──────── Dataset ────────
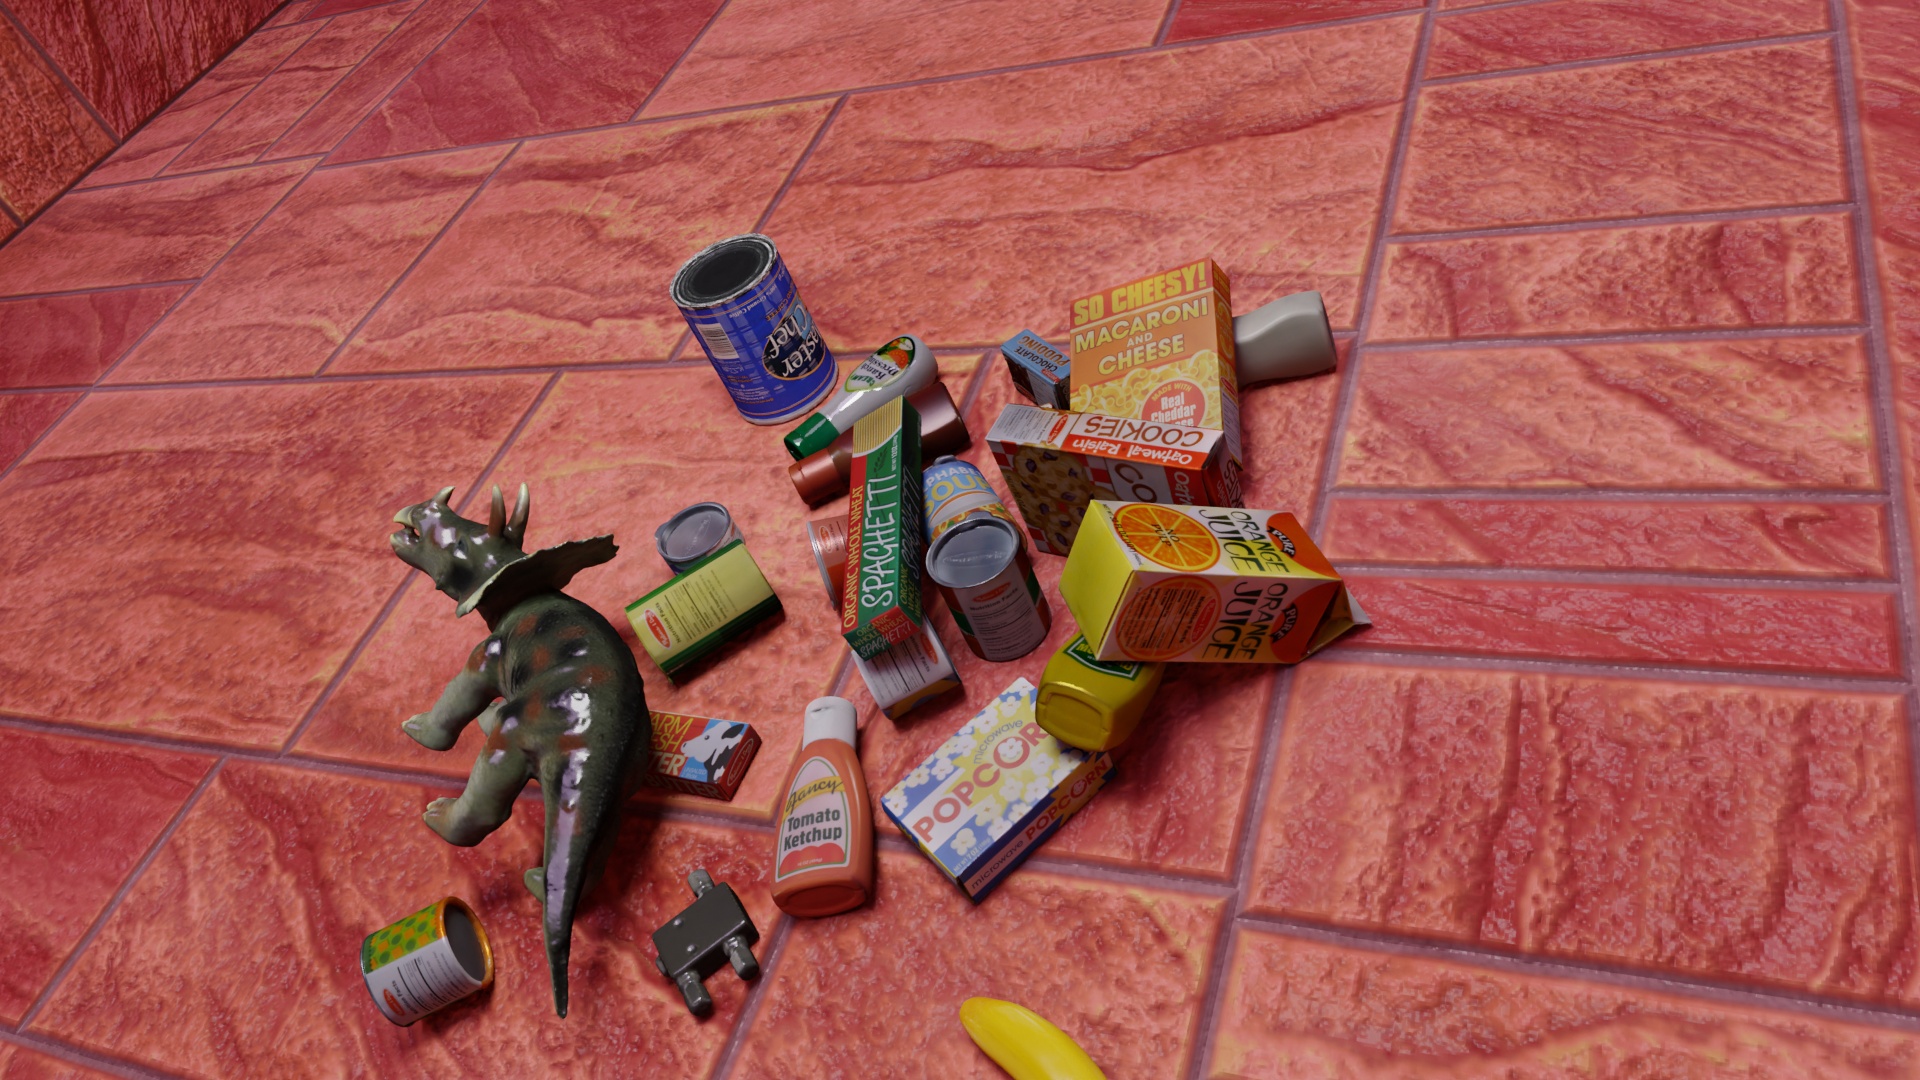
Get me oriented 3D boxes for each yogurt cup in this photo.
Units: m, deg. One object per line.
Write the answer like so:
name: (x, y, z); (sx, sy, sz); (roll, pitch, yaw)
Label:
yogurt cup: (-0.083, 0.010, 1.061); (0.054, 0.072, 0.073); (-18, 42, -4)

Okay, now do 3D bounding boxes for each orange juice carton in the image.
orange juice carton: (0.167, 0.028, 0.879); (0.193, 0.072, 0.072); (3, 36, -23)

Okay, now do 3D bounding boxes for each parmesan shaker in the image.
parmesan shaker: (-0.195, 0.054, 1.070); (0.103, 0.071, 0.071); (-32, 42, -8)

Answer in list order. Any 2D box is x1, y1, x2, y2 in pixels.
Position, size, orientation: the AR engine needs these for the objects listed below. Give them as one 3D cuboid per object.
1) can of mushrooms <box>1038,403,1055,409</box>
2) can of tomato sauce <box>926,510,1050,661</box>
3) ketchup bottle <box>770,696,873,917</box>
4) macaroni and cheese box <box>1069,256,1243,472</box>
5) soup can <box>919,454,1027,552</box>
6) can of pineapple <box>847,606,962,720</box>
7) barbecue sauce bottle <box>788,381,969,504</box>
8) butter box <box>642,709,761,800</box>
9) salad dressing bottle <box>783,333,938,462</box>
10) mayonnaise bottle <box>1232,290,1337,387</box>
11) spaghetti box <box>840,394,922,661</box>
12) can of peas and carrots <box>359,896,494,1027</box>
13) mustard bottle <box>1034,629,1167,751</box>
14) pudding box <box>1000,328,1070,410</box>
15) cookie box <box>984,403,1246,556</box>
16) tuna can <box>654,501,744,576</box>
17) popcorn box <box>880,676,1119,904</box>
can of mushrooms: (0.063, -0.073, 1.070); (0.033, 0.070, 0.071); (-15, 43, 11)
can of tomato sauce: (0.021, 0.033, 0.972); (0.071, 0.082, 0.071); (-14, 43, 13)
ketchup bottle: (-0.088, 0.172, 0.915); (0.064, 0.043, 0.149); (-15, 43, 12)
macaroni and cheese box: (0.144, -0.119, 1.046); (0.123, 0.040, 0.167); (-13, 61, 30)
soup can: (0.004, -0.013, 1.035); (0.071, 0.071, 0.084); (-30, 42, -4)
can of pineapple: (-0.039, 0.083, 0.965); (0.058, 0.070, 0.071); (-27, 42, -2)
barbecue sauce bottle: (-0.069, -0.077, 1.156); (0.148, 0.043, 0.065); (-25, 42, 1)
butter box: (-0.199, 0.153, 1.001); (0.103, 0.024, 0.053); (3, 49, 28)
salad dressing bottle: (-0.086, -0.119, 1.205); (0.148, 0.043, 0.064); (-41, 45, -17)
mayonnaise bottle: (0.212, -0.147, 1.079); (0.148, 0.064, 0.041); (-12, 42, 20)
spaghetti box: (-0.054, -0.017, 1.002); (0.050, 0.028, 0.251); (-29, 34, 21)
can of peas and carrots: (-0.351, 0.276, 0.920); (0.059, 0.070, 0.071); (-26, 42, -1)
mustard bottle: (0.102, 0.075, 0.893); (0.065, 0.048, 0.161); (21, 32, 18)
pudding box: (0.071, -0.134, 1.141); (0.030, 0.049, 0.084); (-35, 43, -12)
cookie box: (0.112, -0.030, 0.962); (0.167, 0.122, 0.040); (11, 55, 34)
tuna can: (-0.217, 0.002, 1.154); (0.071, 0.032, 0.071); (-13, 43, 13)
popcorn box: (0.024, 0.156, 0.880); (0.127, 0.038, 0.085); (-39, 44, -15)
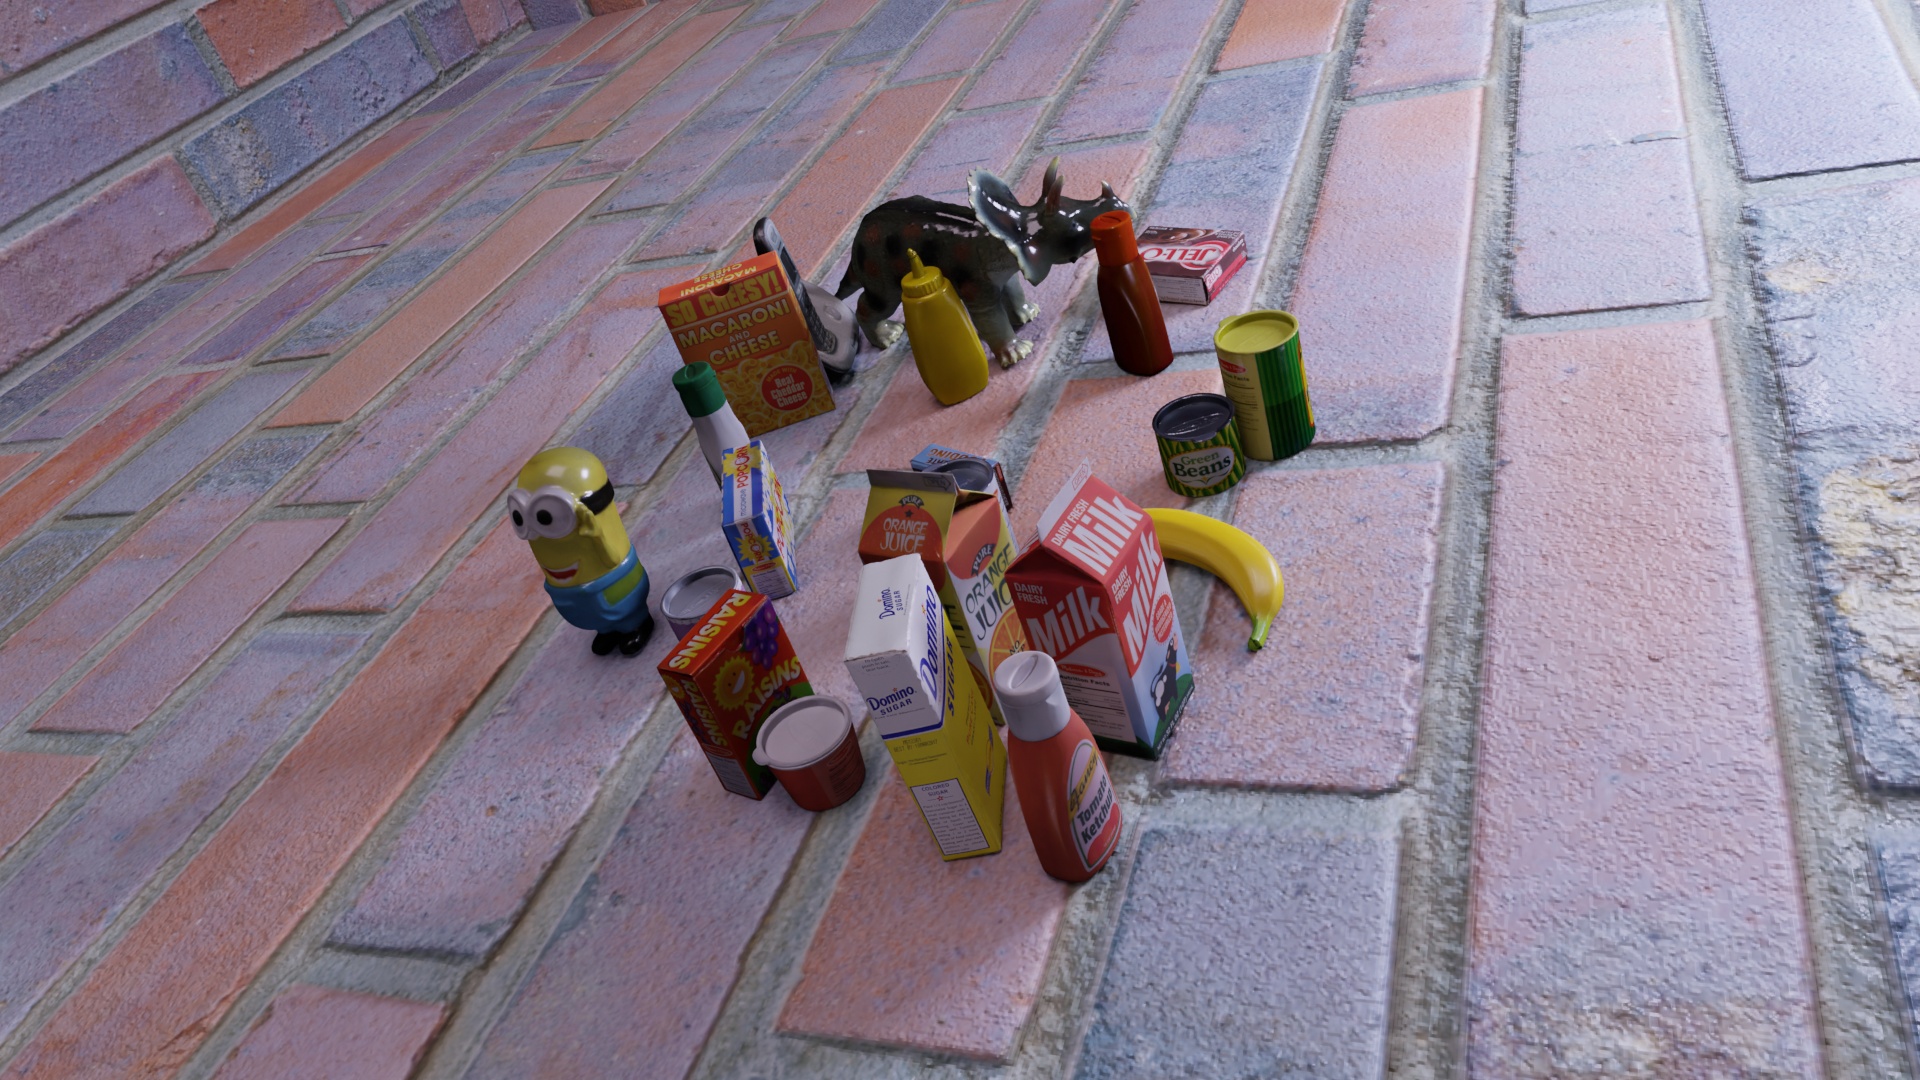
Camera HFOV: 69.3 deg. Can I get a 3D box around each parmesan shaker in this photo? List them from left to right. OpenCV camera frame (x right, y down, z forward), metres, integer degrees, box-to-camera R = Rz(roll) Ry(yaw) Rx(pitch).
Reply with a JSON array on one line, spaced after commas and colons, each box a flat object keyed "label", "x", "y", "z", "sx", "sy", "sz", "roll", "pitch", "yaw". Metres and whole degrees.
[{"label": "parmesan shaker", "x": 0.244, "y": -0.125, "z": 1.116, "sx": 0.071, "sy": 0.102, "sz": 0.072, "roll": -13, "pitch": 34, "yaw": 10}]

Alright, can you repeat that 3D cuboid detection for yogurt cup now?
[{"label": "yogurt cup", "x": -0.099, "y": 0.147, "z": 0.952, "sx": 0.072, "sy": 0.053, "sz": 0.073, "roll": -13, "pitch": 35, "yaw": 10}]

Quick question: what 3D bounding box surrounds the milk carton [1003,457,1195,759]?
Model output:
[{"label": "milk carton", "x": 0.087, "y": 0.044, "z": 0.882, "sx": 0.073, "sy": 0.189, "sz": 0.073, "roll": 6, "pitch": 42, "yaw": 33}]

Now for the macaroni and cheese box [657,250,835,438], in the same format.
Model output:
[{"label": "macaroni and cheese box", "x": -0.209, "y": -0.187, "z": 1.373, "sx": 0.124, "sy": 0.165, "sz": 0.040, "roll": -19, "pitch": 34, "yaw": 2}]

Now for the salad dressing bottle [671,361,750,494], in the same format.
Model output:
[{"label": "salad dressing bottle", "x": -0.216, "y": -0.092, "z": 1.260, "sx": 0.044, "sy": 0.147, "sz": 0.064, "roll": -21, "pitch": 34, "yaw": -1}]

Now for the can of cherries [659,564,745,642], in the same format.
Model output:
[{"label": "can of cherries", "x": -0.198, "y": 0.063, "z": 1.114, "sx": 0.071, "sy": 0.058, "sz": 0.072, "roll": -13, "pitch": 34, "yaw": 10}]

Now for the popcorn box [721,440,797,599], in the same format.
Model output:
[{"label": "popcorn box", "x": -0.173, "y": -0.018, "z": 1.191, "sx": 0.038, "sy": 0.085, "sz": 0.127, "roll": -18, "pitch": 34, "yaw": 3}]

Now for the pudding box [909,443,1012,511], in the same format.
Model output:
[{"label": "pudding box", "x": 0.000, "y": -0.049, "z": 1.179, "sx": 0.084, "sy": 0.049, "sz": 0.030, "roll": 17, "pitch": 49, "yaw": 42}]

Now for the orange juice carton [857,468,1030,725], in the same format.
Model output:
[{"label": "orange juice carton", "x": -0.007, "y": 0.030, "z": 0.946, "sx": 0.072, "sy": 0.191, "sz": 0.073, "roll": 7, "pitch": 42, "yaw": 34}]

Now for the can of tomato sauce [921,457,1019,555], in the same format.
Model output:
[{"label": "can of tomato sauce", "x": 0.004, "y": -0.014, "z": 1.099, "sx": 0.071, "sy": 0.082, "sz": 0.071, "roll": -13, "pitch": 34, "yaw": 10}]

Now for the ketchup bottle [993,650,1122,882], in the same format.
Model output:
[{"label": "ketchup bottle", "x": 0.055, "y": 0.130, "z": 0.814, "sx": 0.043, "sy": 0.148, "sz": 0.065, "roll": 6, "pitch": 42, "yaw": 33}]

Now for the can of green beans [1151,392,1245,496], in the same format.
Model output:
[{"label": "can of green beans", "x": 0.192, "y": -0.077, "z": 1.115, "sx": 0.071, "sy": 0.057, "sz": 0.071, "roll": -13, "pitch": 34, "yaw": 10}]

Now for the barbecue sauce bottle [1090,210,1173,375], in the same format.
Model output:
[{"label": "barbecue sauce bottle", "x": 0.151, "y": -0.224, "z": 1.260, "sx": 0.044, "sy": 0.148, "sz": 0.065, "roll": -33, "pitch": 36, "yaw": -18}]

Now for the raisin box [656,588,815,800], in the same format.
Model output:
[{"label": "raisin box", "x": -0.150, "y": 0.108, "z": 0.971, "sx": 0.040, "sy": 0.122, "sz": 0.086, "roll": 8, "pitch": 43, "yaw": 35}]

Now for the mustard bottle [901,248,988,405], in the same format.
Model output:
────────
What you will do:
The preceding entries are to be returned verbatim, with every picture excluded.

Answer for this exercise:
Get me oriented 3D boxes for each yogurt cup in this photo.
Units: m, deg. One object per line.
Write the answer like so:
name: (x, y, z); (sx, sy, sz); (roll, pitch, yaw)
Label:
yogurt cup: (-0.083, 0.010, 1.061); (0.054, 0.072, 0.073); (-18, 42, -4)

Okay, now do 3D bounding boxes for each orange juice carton in the image.
orange juice carton: (0.167, 0.028, 0.879); (0.193, 0.072, 0.072); (3, 36, -23)

Okay, now do 3D bounding boxes for each parmesan shaker in the image.
parmesan shaker: (-0.195, 0.054, 1.070); (0.103, 0.071, 0.071); (-32, 42, -8)

Answer in list order. Any 2D box is x1, y1, x2, y2 in pixels.
Position, size, orientation: the AR engine needs these for the objects listed below. Give them as one 3D cuboid per object.
1) can of mushrooms <box>1038,403,1055,409</box>
2) can of tomato sauce <box>926,510,1050,661</box>
3) ketchup bottle <box>770,696,873,917</box>
4) macaroni and cheese box <box>1069,256,1243,472</box>
5) soup can <box>919,454,1027,552</box>
6) can of pineapple <box>847,606,962,720</box>
7) barbecue sauce bottle <box>788,381,969,504</box>
8) butter box <box>642,709,761,800</box>
9) salad dressing bottle <box>783,333,938,462</box>
10) mayonnaise bottle <box>1232,290,1337,387</box>
11) spaghetti box <box>840,394,922,661</box>
12) can of peas and carrots <box>359,896,494,1027</box>
13) mustard bottle <box>1034,629,1167,751</box>
14) pudding box <box>1000,328,1070,410</box>
15) cookie box <box>984,403,1246,556</box>
16) tuna can <box>654,501,744,576</box>
17) popcorn box <box>880,676,1119,904</box>
can of mushrooms: (0.063, -0.073, 1.070); (0.033, 0.070, 0.071); (-15, 43, 11)
can of tomato sauce: (0.021, 0.033, 0.972); (0.071, 0.082, 0.071); (-14, 43, 13)
ketchup bottle: (-0.088, 0.172, 0.915); (0.064, 0.043, 0.149); (-15, 43, 12)
macaroni and cheese box: (0.144, -0.119, 1.046); (0.123, 0.040, 0.167); (-13, 61, 30)
soup can: (0.004, -0.013, 1.035); (0.071, 0.071, 0.084); (-30, 42, -4)
can of pineapple: (-0.039, 0.083, 0.965); (0.058, 0.070, 0.071); (-27, 42, -2)
barbecue sauce bottle: (-0.069, -0.077, 1.156); (0.148, 0.043, 0.065); (-25, 42, 1)
butter box: (-0.199, 0.153, 1.001); (0.103, 0.024, 0.053); (3, 49, 28)
salad dressing bottle: (-0.086, -0.119, 1.205); (0.148, 0.043, 0.064); (-41, 45, -17)
mayonnaise bottle: (0.212, -0.147, 1.079); (0.148, 0.064, 0.041); (-12, 42, 20)
spaghetti box: (-0.054, -0.017, 1.002); (0.050, 0.028, 0.251); (-29, 34, 21)
can of peas and carrots: (-0.351, 0.276, 0.920); (0.059, 0.070, 0.071); (-26, 42, -1)
mustard bottle: (0.102, 0.075, 0.893); (0.065, 0.048, 0.161); (21, 32, 18)
pudding box: (0.071, -0.134, 1.141); (0.030, 0.049, 0.084); (-35, 43, -12)
cookie box: (0.112, -0.030, 0.962); (0.167, 0.122, 0.040); (11, 55, 34)
tuna can: (-0.217, 0.002, 1.154); (0.071, 0.032, 0.071); (-13, 43, 13)
popcorn box: (0.024, 0.156, 0.880); (0.127, 0.038, 0.085); (-39, 44, -15)
Camera HFOV: 69.3 deg. Can I get a 3D box around each parmesan shaker in this photo? List them from left to right. OpenCV camera frame (x right, y down, z forward), metres, integer degrees, box-to-camera R = Rz(roll) Ry(yaw) Rx(pitch).
Reply with a JSON array on one line, spaced after commas and colons, each box a flat object keyed "label", "x", "y", "z", "sx", "sy", "sz", "roll", "pitch", "yaw". Metres and whole degrees.
[{"label": "parmesan shaker", "x": 0.244, "y": -0.125, "z": 1.116, "sx": 0.071, "sy": 0.102, "sz": 0.072, "roll": -13, "pitch": 34, "yaw": 10}]

Alright, can you repeat that 3D cuboid detection for yogurt cup now?
[{"label": "yogurt cup", "x": -0.099, "y": 0.147, "z": 0.952, "sx": 0.072, "sy": 0.053, "sz": 0.073, "roll": -13, "pitch": 35, "yaw": 10}]

Quick question: what 3D bounding box surrounds the milk carton [1003,457,1195,759]?
Model output:
[{"label": "milk carton", "x": 0.087, "y": 0.044, "z": 0.882, "sx": 0.073, "sy": 0.189, "sz": 0.073, "roll": 6, "pitch": 42, "yaw": 33}]

Now for the macaroni and cheese box [657,250,835,438], in the same format.
Model output:
[{"label": "macaroni and cheese box", "x": -0.209, "y": -0.187, "z": 1.373, "sx": 0.124, "sy": 0.165, "sz": 0.040, "roll": -19, "pitch": 34, "yaw": 2}]

Now for the salad dressing bottle [671,361,750,494], in the same format.
Model output:
[{"label": "salad dressing bottle", "x": -0.216, "y": -0.092, "z": 1.260, "sx": 0.044, "sy": 0.147, "sz": 0.064, "roll": -21, "pitch": 34, "yaw": -1}]

Now for the can of cherries [659,564,745,642], in the same format.
Model output:
[{"label": "can of cherries", "x": -0.198, "y": 0.063, "z": 1.114, "sx": 0.071, "sy": 0.058, "sz": 0.072, "roll": -13, "pitch": 34, "yaw": 10}]

Now for the popcorn box [721,440,797,599], in the same format.
Model output:
[{"label": "popcorn box", "x": -0.173, "y": -0.018, "z": 1.191, "sx": 0.038, "sy": 0.085, "sz": 0.127, "roll": -18, "pitch": 34, "yaw": 3}]

Now for the pudding box [909,443,1012,511], in the same format.
Model output:
[{"label": "pudding box", "x": 0.000, "y": -0.049, "z": 1.179, "sx": 0.084, "sy": 0.049, "sz": 0.030, "roll": 17, "pitch": 49, "yaw": 42}]

Now for the orange juice carton [857,468,1030,725], in the same format.
Model output:
[{"label": "orange juice carton", "x": -0.007, "y": 0.030, "z": 0.946, "sx": 0.072, "sy": 0.191, "sz": 0.073, "roll": 7, "pitch": 42, "yaw": 34}]

Now for the can of tomato sauce [921,457,1019,555], in the same format.
Model output:
[{"label": "can of tomato sauce", "x": 0.004, "y": -0.014, "z": 1.099, "sx": 0.071, "sy": 0.082, "sz": 0.071, "roll": -13, "pitch": 34, "yaw": 10}]

Now for the ketchup bottle [993,650,1122,882], in the same format.
Model output:
[{"label": "ketchup bottle", "x": 0.055, "y": 0.130, "z": 0.814, "sx": 0.043, "sy": 0.148, "sz": 0.065, "roll": 6, "pitch": 42, "yaw": 33}]

Now for the can of green beans [1151,392,1245,496], in the same format.
Model output:
[{"label": "can of green beans", "x": 0.192, "y": -0.077, "z": 1.115, "sx": 0.071, "sy": 0.057, "sz": 0.071, "roll": -13, "pitch": 34, "yaw": 10}]

Now for the barbecue sauce bottle [1090,210,1173,375], in the same format.
Model output:
[{"label": "barbecue sauce bottle", "x": 0.151, "y": -0.224, "z": 1.260, "sx": 0.044, "sy": 0.148, "sz": 0.065, "roll": -33, "pitch": 36, "yaw": -18}]

Now for the raisin box [656,588,815,800], in the same format.
Model output:
[{"label": "raisin box", "x": -0.150, "y": 0.108, "z": 0.971, "sx": 0.040, "sy": 0.122, "sz": 0.086, "roll": 8, "pitch": 43, "yaw": 35}]

Now for the mustard bottle [901,248,988,405], in the same format.
Model output:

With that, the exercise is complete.